With a 31x difference between 109,882 and 3.4 million* (and, since this is comparing to an i7, that 31x is probably closer to the ballpark of 100x), this simply isn't likely to be the place where optimization will help much. Put simply, the {"message": "Hello, world"} vs dict(message="Hello, world") cost difference is likely insignificant when compared to the cost of the rest of the request.

With that said, this sounds like a change that should be committed as part of a pull request! Why? A couple of reasons:

- It may still help the performance in a minor way (at the very least, it shouldn't hurt it)

- We prefer idiomatic code and, assuming the literal {} notation - vs dict() - is idiomatic for such a case, this would be a good change.

Your point about this is also interesting:

  What you have is the slower way to contruct a dictionary
  and then passing to the Python native JSON vs. a C 
  optimized JSON for output.
Please do consider a pull request for both. We love community contributions.

* Yes, I know these aren't directly comparable numbers, but they compare well enough in this case.

Edit: Fixed the literal {} vs dict() mixup that e12e pointed out in my comment.


Note, I'm not the one that noticed this, I just tried the difference between literal construction "{}" and using dict().

Good points on the overall (likely) impact on the benchmark(s).

> We prefer idiomatic code and, assuming dict() is idiomatic for such a case, this would be a good change.

I think you mix up two things here: dict() is slower (presumably method look up and maybe class instantiation?
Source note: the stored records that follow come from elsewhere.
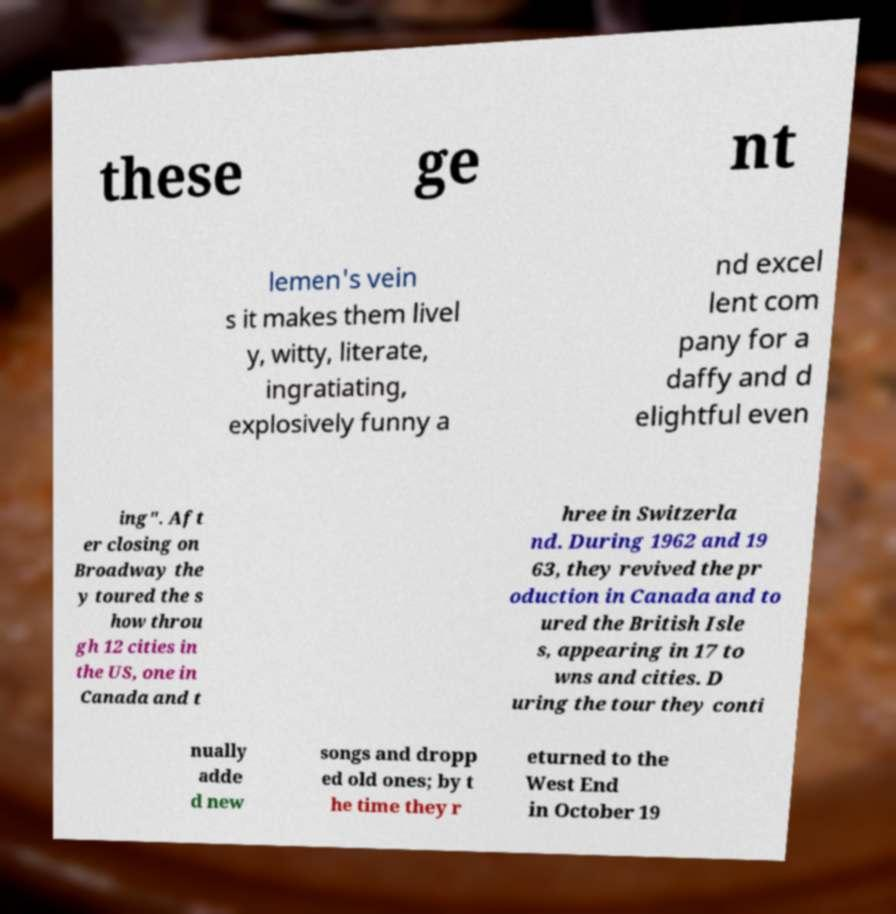Can you accurately transcribe the text from the provided image for me? these ge nt lemen's vein s it makes them livel y, witty, literate, ingratiating, explosively funny a nd excel lent com pany for a daffy and d elightful even ing". Aft er closing on Broadway the y toured the s how throu gh 12 cities in the US, one in Canada and t hree in Switzerla nd. During 1962 and 19 63, they revived the pr oduction in Canada and to ured the British Isle s, appearing in 17 to wns and cities. D uring the tour they conti nually adde d new songs and dropp ed old ones; by t he time they r eturned to the West End in October 19 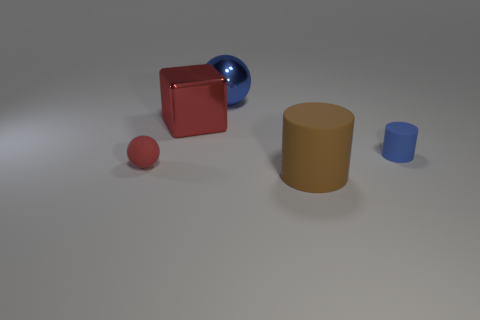Add 5 big cubes. How many objects exist? 10 Subtract all blue balls. How many balls are left? 1 Subtract all cylinders. How many objects are left? 3 Subtract 2 balls. How many balls are left? 0 Add 5 brown matte spheres. How many brown matte spheres exist? 5 Subtract 1 brown cylinders. How many objects are left? 4 Subtract all blue cubes. Subtract all purple balls. How many cubes are left? 1 Subtract all green balls. How many yellow cylinders are left? 0 Subtract all large brown objects. Subtract all metallic things. How many objects are left? 2 Add 1 blue metal spheres. How many blue metal spheres are left? 2 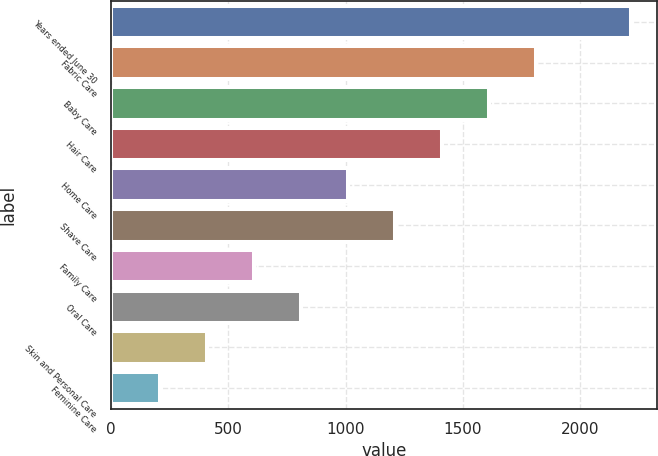<chart> <loc_0><loc_0><loc_500><loc_500><bar_chart><fcel>Years ended June 30<fcel>Fabric Care<fcel>Baby Care<fcel>Hair Care<fcel>Home Care<fcel>Shave Care<fcel>Family Care<fcel>Oral Care<fcel>Skin and Personal Care<fcel>Feminine Care<nl><fcel>2216<fcel>1814<fcel>1613<fcel>1412<fcel>1010<fcel>1211<fcel>608<fcel>809<fcel>407<fcel>206<nl></chart> 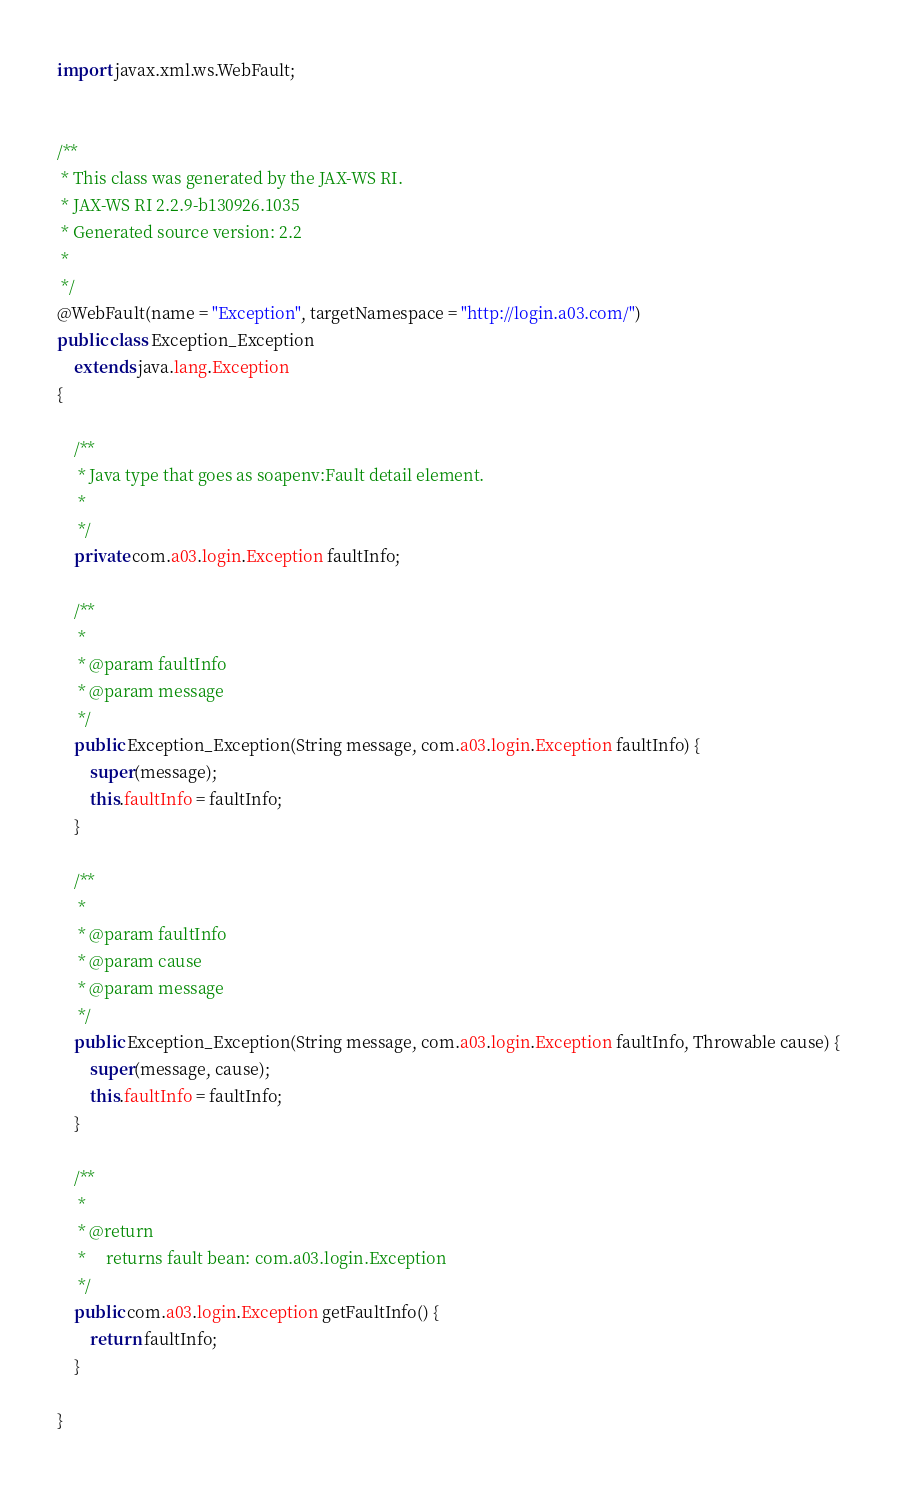Convert code to text. <code><loc_0><loc_0><loc_500><loc_500><_Java_>
import javax.xml.ws.WebFault;


/**
 * This class was generated by the JAX-WS RI.
 * JAX-WS RI 2.2.9-b130926.1035
 * Generated source version: 2.2
 * 
 */
@WebFault(name = "Exception", targetNamespace = "http://login.a03.com/")
public class Exception_Exception
    extends java.lang.Exception
{

    /**
     * Java type that goes as soapenv:Fault detail element.
     * 
     */
    private com.a03.login.Exception faultInfo;

    /**
     * 
     * @param faultInfo
     * @param message
     */
    public Exception_Exception(String message, com.a03.login.Exception faultInfo) {
        super(message);
        this.faultInfo = faultInfo;
    }

    /**
     * 
     * @param faultInfo
     * @param cause
     * @param message
     */
    public Exception_Exception(String message, com.a03.login.Exception faultInfo, Throwable cause) {
        super(message, cause);
        this.faultInfo = faultInfo;
    }

    /**
     * 
     * @return
     *     returns fault bean: com.a03.login.Exception
     */
    public com.a03.login.Exception getFaultInfo() {
        return faultInfo;
    }

}
</code>

Just guessing here) -- and I'd say using the literal notation is in general more idiomatic:

http://docs.python.org/2/tutorial/datastructures.html#dictio...


Oops, yes. I did mix up dict vs the literal version in the comparison. Thank you for the correction.

And yes, I noticed that you weren't the one that noticed the original possible performance issue. What I do appreciate is that you actually went and tested the performance difference.